Authors: Marguerite Duras
Tonight one of them does not share the others’ appetite. She comes from the other end of town, from beyond the breakwaters and oil depots at the other end of the Boulevard de la Mer, from beyond the limits imposed upon her ten years before, where a man had offered her more wine than she could handle. Full of this wine, an exception to the general rule, she could not bring herself to eat. Beyond the white blinds lay darkness, and in this darkness a man, with plenty of time to kill, stands looking now at the sea, now at the garden. Then at the sea, at the garden, at his hands. He doesn’t eat. He cannot eat either, his body obsessed by another hunger. The capricious wind still bears the scent of magnolias to him, taking him by surprise, tormenting him as much as the scent of a single flower. A light in the second story was turned out a little while ago, and was not turned back on. They must have closed the windows on that side of the house, to shut out the oppressive odor of the flowers at night.
Anne Desbaresdes keeps on drinking. Tonight the champagne has the annihilating taste of the unknown lips of the man outside in the street.

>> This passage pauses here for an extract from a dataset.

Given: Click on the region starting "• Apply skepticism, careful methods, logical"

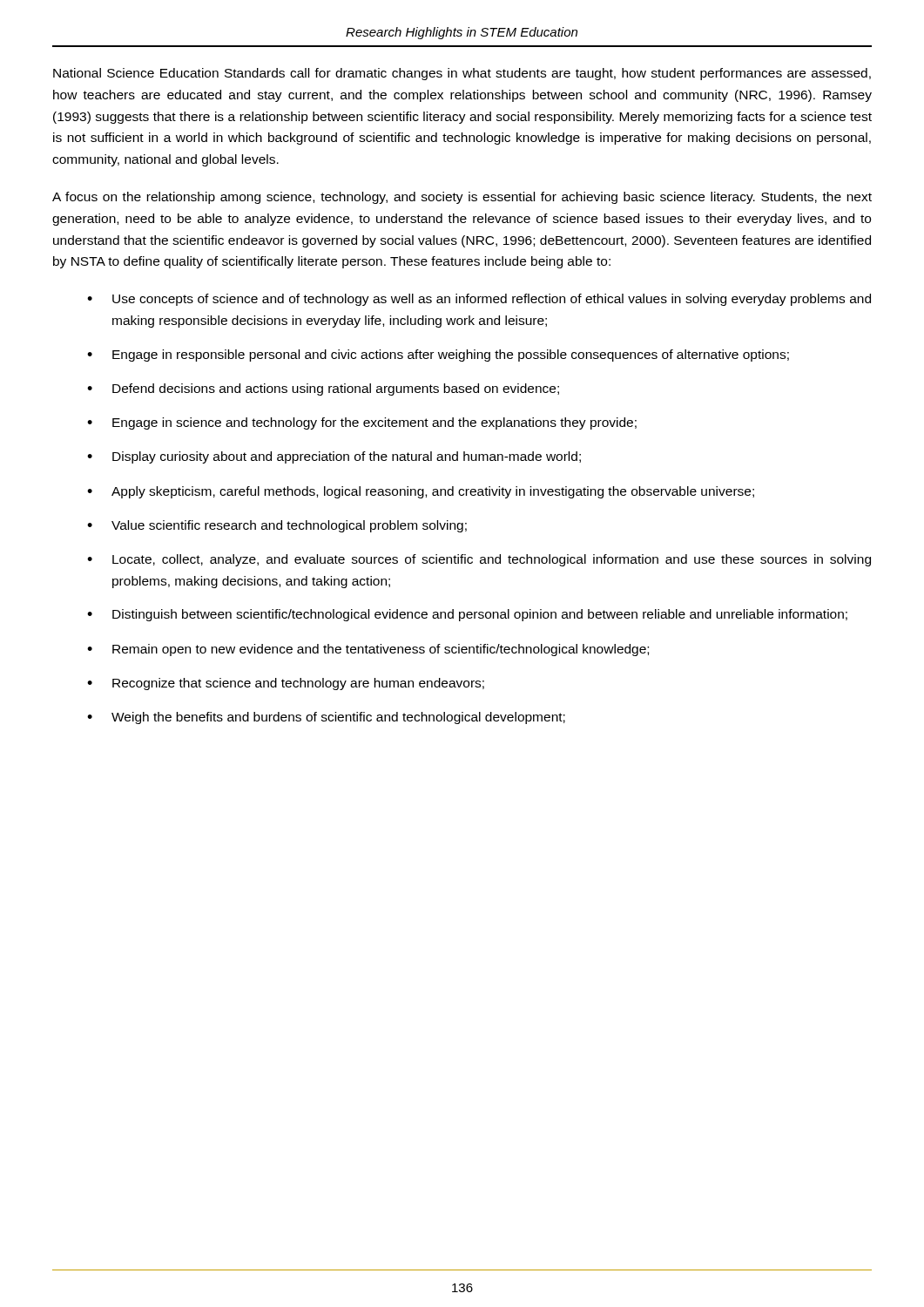Looking at the screenshot, I should [x=479, y=492].
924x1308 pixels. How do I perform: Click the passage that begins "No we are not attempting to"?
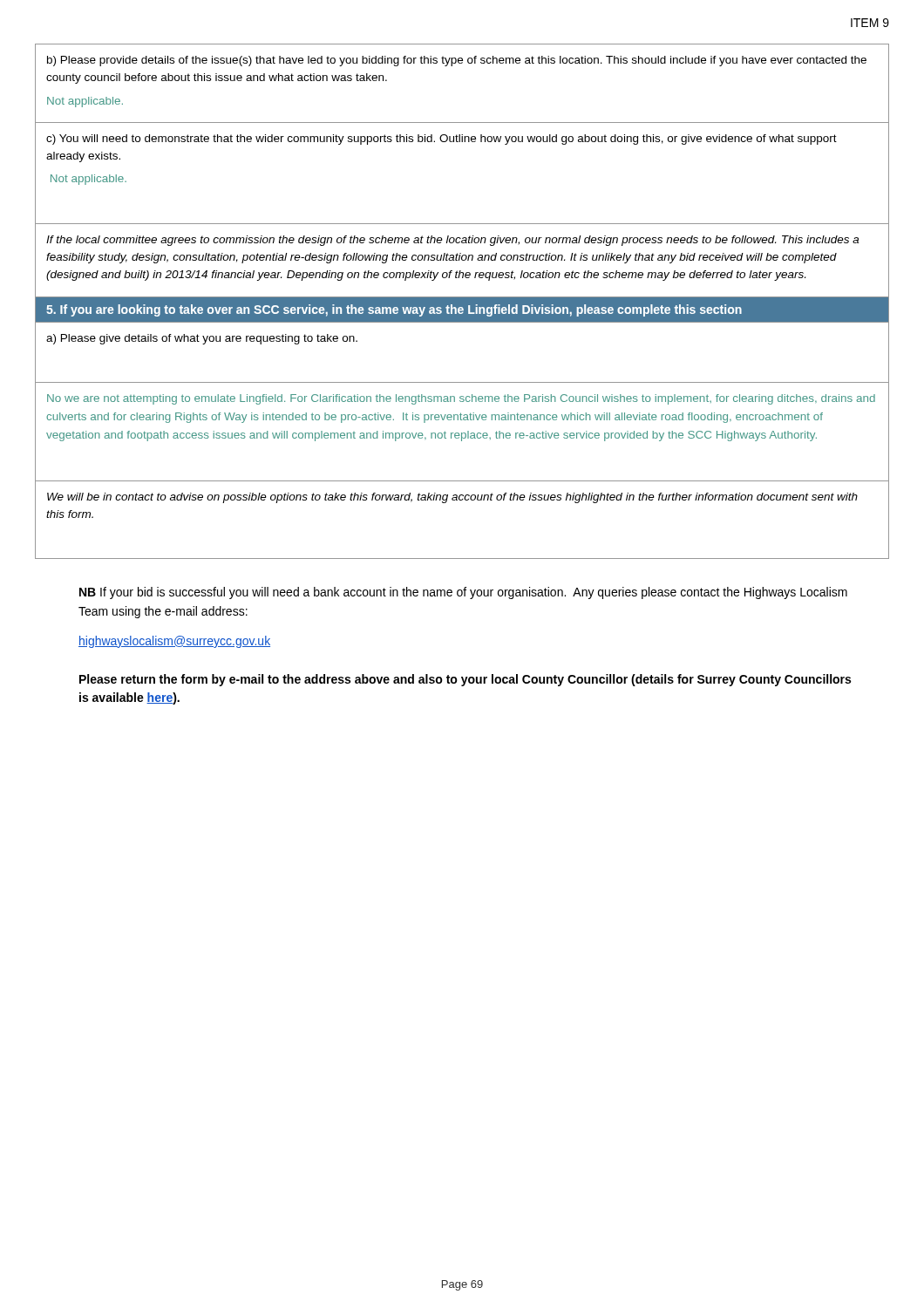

The man has left the Boulevard de la Mer and circled the garden,
keeping watch from the dunes which bound it on the north, then he has retraced his steps and descended the slope to the beach. And there he lay down again in the same place. He stretches, stares for a moment out to sea, then turns and looks again at the bay windows with their white blinds. Then he gets up, picks up a pebble, aims at the windows, turns back again, tosses the pebble into the sea, lies down, stretches again, and says a name out loud.
Two women, alternately and cooperatively, prepare the second course. The other victim is waiting.
“As you know, Anne is defenseless when it comes to her child.”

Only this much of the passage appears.